Building Equivariant Models#

By default, when a trainable Circuit is passed to a QuantumModel through the circuit_structure, all its parameters are considered independent. In some cases, however, one might want to just have a handful of independent parameters that are recombined in several different location inside the gates of your trainable quantum circuit.

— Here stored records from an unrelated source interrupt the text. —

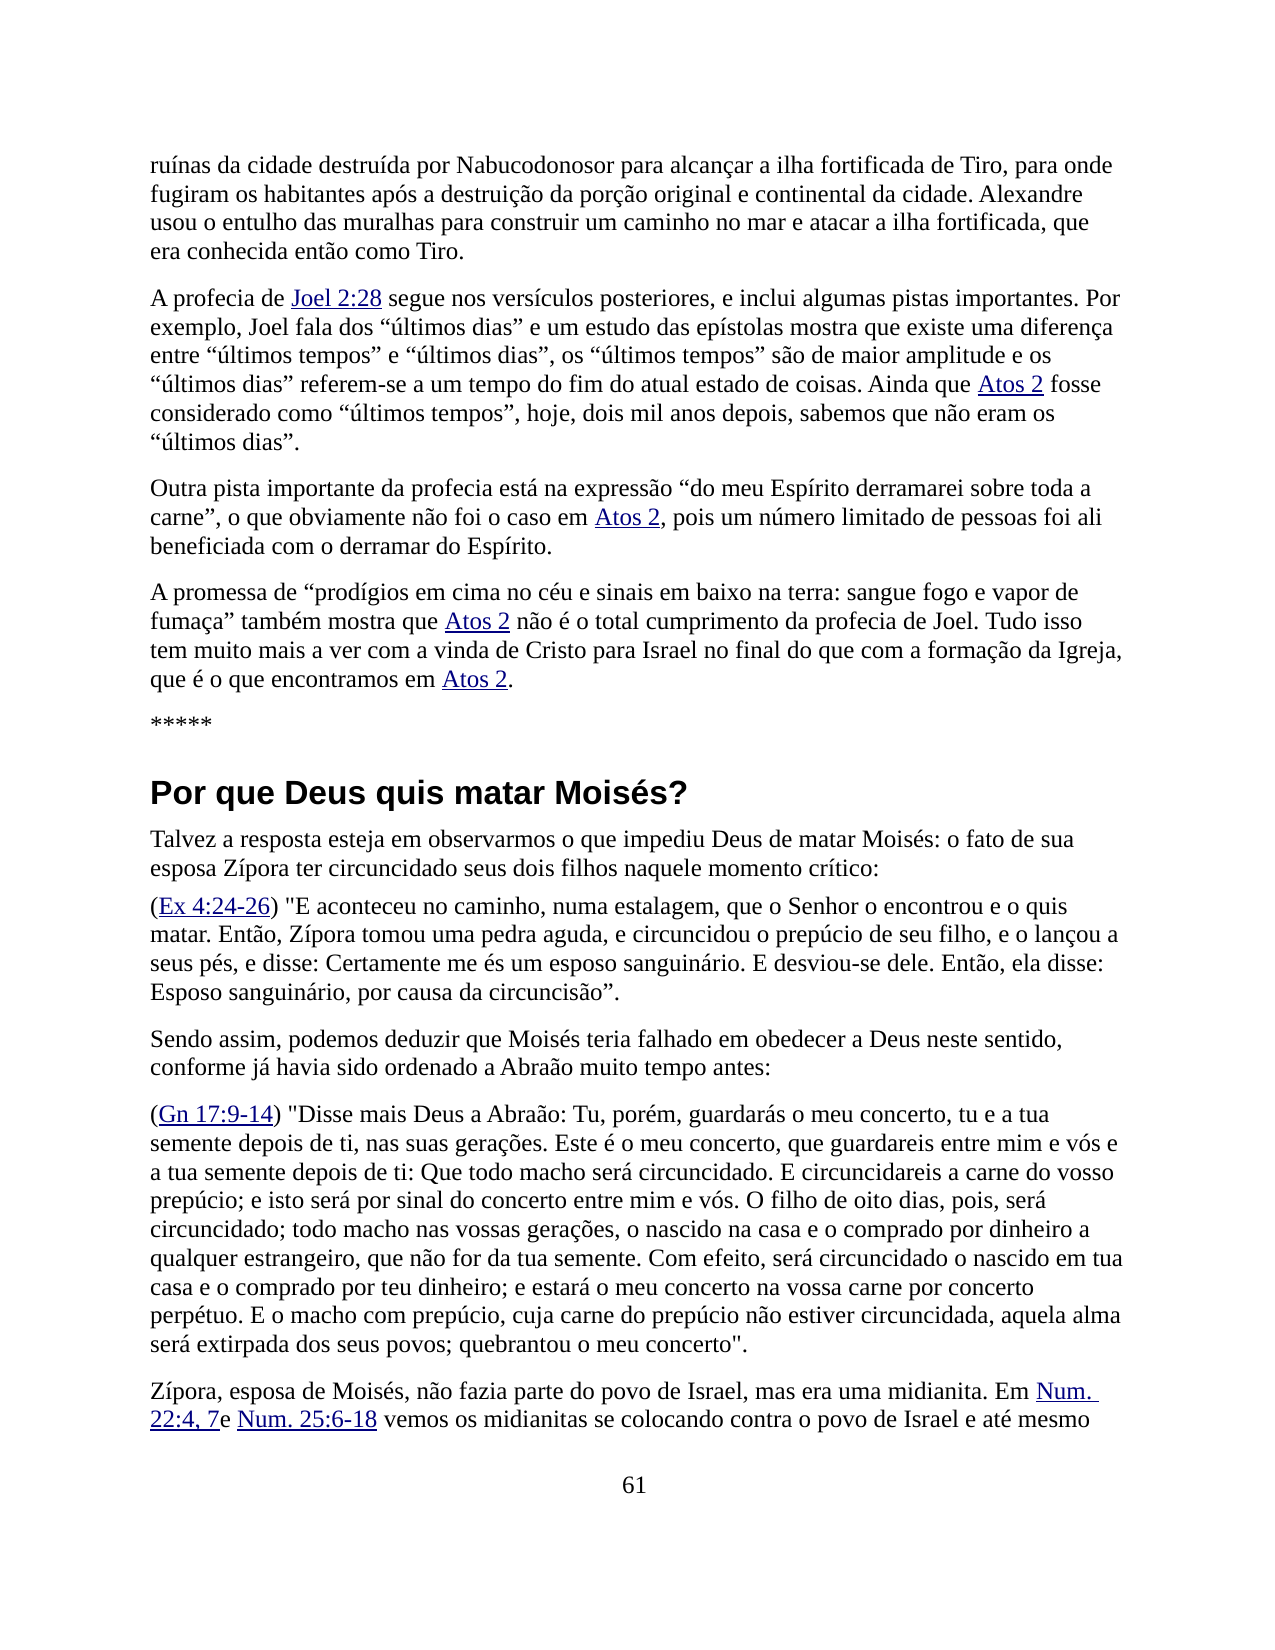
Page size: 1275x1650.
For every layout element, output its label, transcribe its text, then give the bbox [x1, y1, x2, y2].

text Talvez a resposta esteja em observarmos o que impediu Deus de matar Moisés: o fato de sua esposa Zípora ter circuncidado seus dois filhos naquele momento crítico: [150, 824, 1125, 882]
text Outra pista importante da profecia está na expressão “do meu Espírito derramarei sobre toda a carne”, o que obviamente não foi o caso em Atos 2, pois um número limitado de pessoas foi ali beneficiada com o derramar do Espírito. [150, 473, 1125, 559]
text (Gn 17:9-14) "Disse mais Deus a Abraão: Tu, porém, guardarás o meu concerto, tu e a tua semente depois de ti, nas suas gerações. Este é o meu concerto, que guardareis entre mim e vós e a tua semente depois de ti: Que todo macho será circuncidado. E circuncidareis a carne do vosso prepúcio; e isto será por sinal do concerto entre mim e vós. O filho de oito dias, pois, será circuncidado; todo macho nas vossas gerações, o nascido na casa e o comprado por dinheiro a qualquer estrangeiro, que não for da tua semente. Com efeito, será circuncidado o nascido em tua casa e o comprado por teu dinheiro; e estará o meu concerto na vossa carne por concerto perpétuo. E o macho com prepúcio, cuja carne do prepúcio não estiver circuncidada, aquela alma será extirpada dos seus povos; quebrantou o meu concerto". [150, 1099, 1125, 1358]
text ruínas da cidade destruída por Nabucodonosor para alcançar a ilha fortificada de Tiro, para onde fugiram os habitantes após a destruição da porção original e continental da cidade. Alexandre usou o entulho das muralhas para construir um caminho no mar e atacar a ilha fortificada, que era conhecida então como Tiro. [150, 150, 1125, 265]
text ***** [150, 710, 1125, 739]
text A promessa de “prodígios em cima no céu e sinais em baixo na terra: sangue fogo e vapor de fumaça” também mostra que Atos 2 não é o total cumprimento da profecia de Joel. Tudo isso tem muito mais a ver com a vinda de Cristo para Israel no final do que com a formação da Igreja, que é o que encontramos em Atos 2. [150, 577, 1125, 692]
subtitle Por que Deus quis matar Moisés? [150, 773, 1125, 812]
text Zípora, esposa de Moisés, não fazia parte do povo de Israel, mas era uma midianita. Em Num. 22:4, 7e Num. 25:6-18 vemos os midianitas se colocando contra o povo de Israel e até mesmo [150, 1376, 1125, 1433]
text Sendo assim, podemos deduzir que Moisés teria falhado em obedecer a Deus neste sentido, conforme já havia sido ordenado a Abraão muito tempo antes: [150, 1024, 1125, 1081]
text (Ex 4:24-26) "E aconteceu no caminho, numa estalagem, que o Senhor o encontrou e o quis matar. Então, Zípora tomou uma pedra aguda, e circuncidou o prepúcio de seu filho, e o lançou a seus pés, e disse: Certamente me és um esposo sanguinário. E desviou-se dele. Então, ela disse: Esposo sanguinário, por causa da circuncisão”. [150, 891, 1125, 1006]
text A profecia de Joel 2:28 segue nos versículos posteriores, e inclui algumas pistas importantes. Por exemplo, Joel fala dos “últimos dias” e um estudo das epístolas mostra que existe uma diferença entre “últimos tempos” e “últimos dias”, os “últimos tempos” são de maior amplitude e os “últimos dias” referem-se a um tempo do fim do atual estado de coisas. Ainda que Atos 2 fosse considerado como “últimos tempos”, hoje, dois mil anos depois, sabemos que não eram os “últimos dias”. [150, 283, 1125, 455]

For this reason Qiboml allows for the definition of custom circuits by means of user-defined functions, that can be added together with encoders and plain circuits to the circuit_structure. For example, one can define a circuit with only three independent parameters that are recombined in several gates:

import torch

# this defines 3 independent parameters
def my_equivariant_circuit(th, phi, lam):
   c = Circuit(2)
   delta = 2 * torch.cos(phi) + lam**2
   gamma = lam * torch.exp(th / 2)
   c.add([gates.RZ(i, theta=th) for i in range(2)])
   c.add([gates.RX(i, theta=lam) for i in range(2)])
   c.add([gates.RY(i, theta=phi) for i in range(2)])
   c.add(gates.RZ(0, theta=delta))
   c.add(gates.RX(1, theta=gamma))
   return c

and then pass it to the QuantumModel through its circuit_structure argument:

from qiboml.interfaces.pytorch import QuantumModel

model = QuantumModel(
   circuit_structure = [my_encoder, my_equivariant_circuit, my_plain_circuit],
   decoding = my_decoding,
)

Note that, first, inside of your function you should use only operations that are compatible with the interface you are planning to use. Therefore, torch operations with the torch interface and keras or tensorflow operations with the keras interface. Second, that the each input to your custom function has to be a scalar, thus one argument is expected, for each independent parameter you wish to declare.